EXERCISE: Repeat verbatim what the listing holds, but not its pictures.

EXERCISE INPUT:
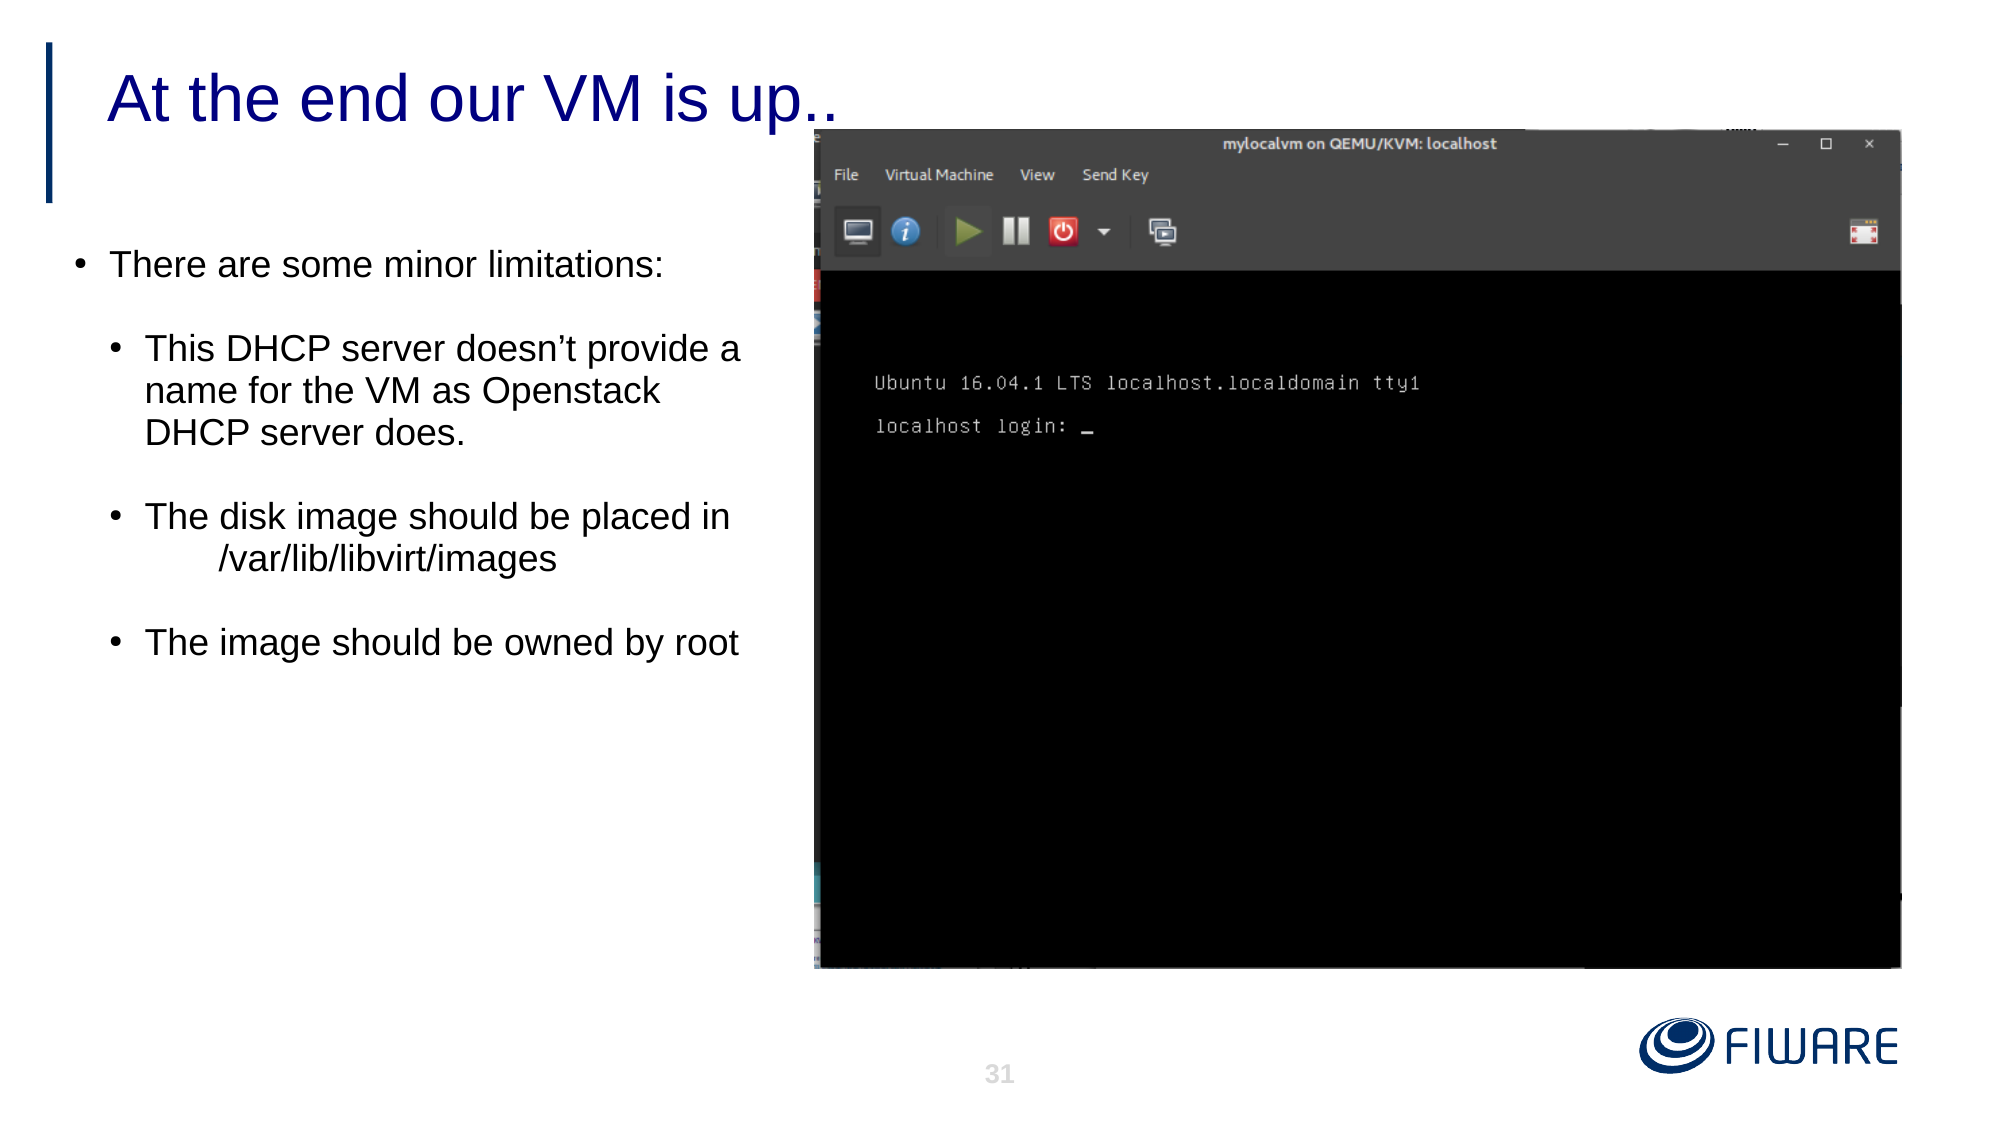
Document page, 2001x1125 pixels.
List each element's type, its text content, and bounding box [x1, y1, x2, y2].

text_box There are some minor limitations: This DHCP server doesn’t provide a name for the VM as Openstack DHCP server does. The disk image should be placed in /var/lib/libvirt/images The image should be owned by root [59, 236, 792, 713]
picture [1635, 1012, 1905, 1077]
title At the end our VM is up.. [92, 47, 1704, 250]
slide_number [887, 1042, 1113, 1103]
picture [814, 129, 1902, 969]

ANSWER SPACE:
Document page, 2001x1125 pixels.
List each element's type, its text content, and bounding box [x1, y1, x2, y2].

text_box There are some minor limitations: This DHCP server doesn’t provide a name for the VM as Openstack DHCP server does. The disk image should be placed in /var/lib/libvirt/images The image should be owned by root [59, 236, 792, 713]
picture [1635, 1012, 1905, 1077]
title At the end our VM is up.. [92, 47, 1704, 250]
slide_number [887, 1042, 1113, 1103]
picture [814, 129, 1902, 969]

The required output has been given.